PS don't go away stay and have some fun, it's keeps some of use sane/insane?????


----------



## silvers (Sep 22, 2008)

Hi Mia,
welcome to our little asylum.


----------



## jodysmith (Dec 8, 2009)

Hello,
Who is officially the most senior member of this so called asylum?
Men's formal dresses...


----------



## PETERFC (Apr 3, 2009)

*Reply*



jodysmith said:


> Hello,
> Who is officially the most senior member of this so called asylum?
> Men's formal dresses...


He who has the KEYS............................:rip::rip:


----------



## Jamesie (Sep 17, 2009)

-mia- said:


> Are you all insane or just slightly insane? It makes a difference!


Hi Mia,
Welcome to the forum 
The scary thing is, most of the insane ones make perfect sense !!!


----------



## -mia- (Dec 23, 2009)

That's OK, I'm certainly not normal! Well, A B Normal maybe!


----------



## shoemanpete (Jan 4, 2010)

Hi Mia, welcome from me too. I am another of those, but not totally, insane members! I seem to be the one who tries to stop the others from getting us evicted from the forum! It can get quite close to the mark, or should I say fmarks!

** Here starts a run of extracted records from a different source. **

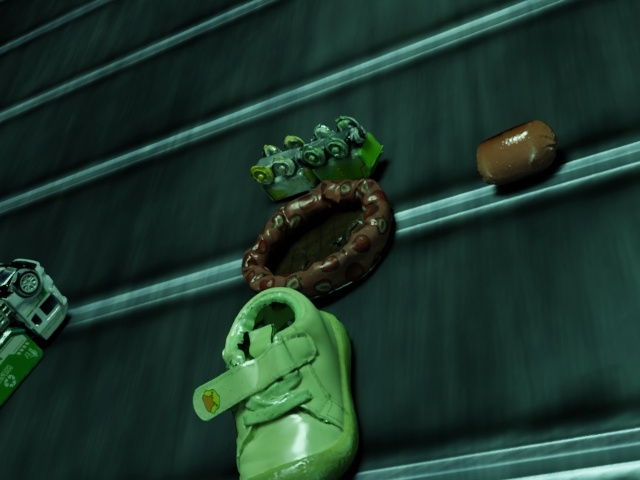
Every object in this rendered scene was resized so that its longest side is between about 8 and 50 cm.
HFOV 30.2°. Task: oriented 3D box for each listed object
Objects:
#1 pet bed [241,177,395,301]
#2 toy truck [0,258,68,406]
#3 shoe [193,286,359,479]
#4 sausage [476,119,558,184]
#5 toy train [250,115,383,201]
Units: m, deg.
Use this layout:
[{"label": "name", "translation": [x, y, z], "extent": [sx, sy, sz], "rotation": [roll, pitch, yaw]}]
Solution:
[{"label": "pet bed", "translation": [0.000, 0.000, 1.421], "extent": [0.201, 0.053, 0.201], "rotation": [-22, 34, 16]}, {"label": "toy truck", "translation": [-0.464, 0.146, 1.648], "extent": [0.114, 0.124, 0.253], "rotation": [6, 50, 50]}, {"label": "shoe", "translation": [-0.045, 0.157, 1.208], "extent": [0.140, 0.128, 0.262], "rotation": [-37, 24, 30]}, {"label": "sausage", "translation": [0.219, -0.095, 1.310], "extent": [0.094, 0.059, 0.054], "rotation": [-22, 77, 25]}, {"label": "toy train", "translation": [-0.008, -0.101, 1.543], "extent": [0.202, 0.081, 0.060], "rotation": [-16, 35, 45]}]
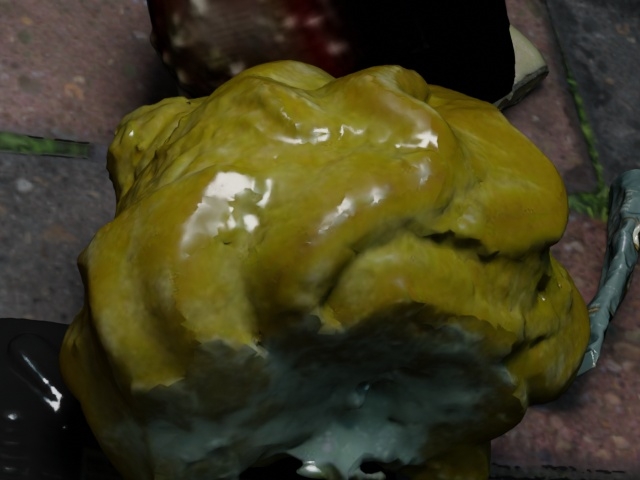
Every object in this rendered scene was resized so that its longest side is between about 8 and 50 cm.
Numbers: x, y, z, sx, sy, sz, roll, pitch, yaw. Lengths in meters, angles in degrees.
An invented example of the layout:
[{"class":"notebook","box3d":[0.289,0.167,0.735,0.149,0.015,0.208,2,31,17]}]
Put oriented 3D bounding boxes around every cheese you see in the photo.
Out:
[{"class":"cheese","box3d":[0.096,-0.181,1.588,0.192,0.037,0.097,46,48,12]}]

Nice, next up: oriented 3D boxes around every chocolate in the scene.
[{"class":"chocolate","box3d":[-0.006,-0.169,1.376,0.340,0.210,0.225,-25,98,-71]}]

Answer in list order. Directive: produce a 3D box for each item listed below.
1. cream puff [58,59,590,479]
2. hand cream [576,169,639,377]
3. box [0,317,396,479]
[{"class":"cream puff","box3d":[-0.004,-0.004,1.154,0.323,0.274,0.270,3,47,-28]},{"class":"hand cream","box3d":[0.208,0.026,1.462,0.052,0.075,0.248,30,45,6]},{"class":"box","box3d":[-0.090,0.190,1.187,0.290,0.073,0.289,14,49,-15]}]
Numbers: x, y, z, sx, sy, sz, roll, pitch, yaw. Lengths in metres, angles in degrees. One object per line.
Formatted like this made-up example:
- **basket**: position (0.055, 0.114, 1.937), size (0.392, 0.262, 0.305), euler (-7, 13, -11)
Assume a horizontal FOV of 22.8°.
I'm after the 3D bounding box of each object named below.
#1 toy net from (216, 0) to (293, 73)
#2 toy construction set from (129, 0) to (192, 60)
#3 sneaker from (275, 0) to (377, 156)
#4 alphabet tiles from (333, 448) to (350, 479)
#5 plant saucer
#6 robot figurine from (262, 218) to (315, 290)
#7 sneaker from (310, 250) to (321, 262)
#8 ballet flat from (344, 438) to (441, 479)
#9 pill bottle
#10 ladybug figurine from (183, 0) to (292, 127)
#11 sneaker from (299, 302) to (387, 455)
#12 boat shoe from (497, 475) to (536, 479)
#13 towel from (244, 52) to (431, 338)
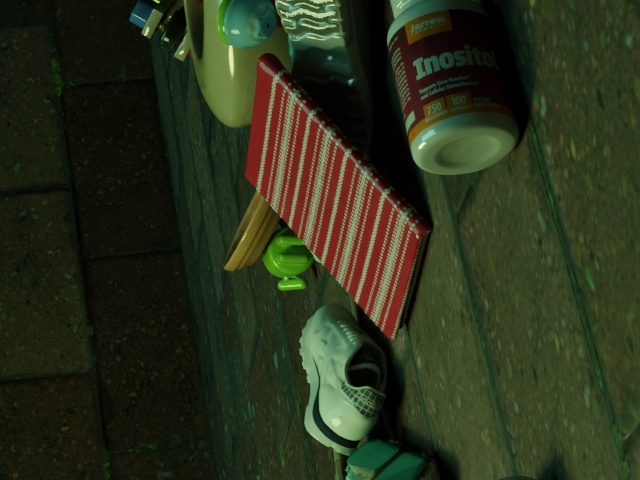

I warn you, this can get addictive so you have been warned. You might be safer in Argentina, as long as you DO NOT mention Maradona to an Englishman.


----------



## omostra06 (Sep 11, 2007)

Hi and welcome to the forum........we have some members in here that a room full of psychiatrists could not sort out


----------



## shoemanpete (Jan 4, 2010)

fmarks and peterfc.............what a reputation we are getting. Mind you, have you noticed how our squeaky clean high morals Moderator is slowly coming round to our ways..................? Ummm. He'll soon be one of us.


----------



## PETERFC (Apr 3, 2009)

*Reply*



shoemanpete said:


> fmarks and peterfc.............what a reputation we are getting. Mind you, have you noticed how our squeaky clean high morals Moderator is slowly coming round to our ways..................? Ummm. He'll soon be one of us.


Hi Pete

No we don't want Derek to end up like us someone has to be sane pity. I just want to protect a bottle of Superbock with my name on it that i do believe is in a fridge in Tomar. :blabla::blabla::blabla:

Peterfc 666?


----------



## -mia- (Dec 23, 2009)

Well, maybe you should all come down here. Buenos Aires has the most psychiatrists per capita!  

PS, I won't mention Maradona if you don't mention him!  It may make you happy to know, he's been taking a beating down here. He's now coaching and apparently he's not very good at it. I don't know. I'll admit I know very little about football.


----------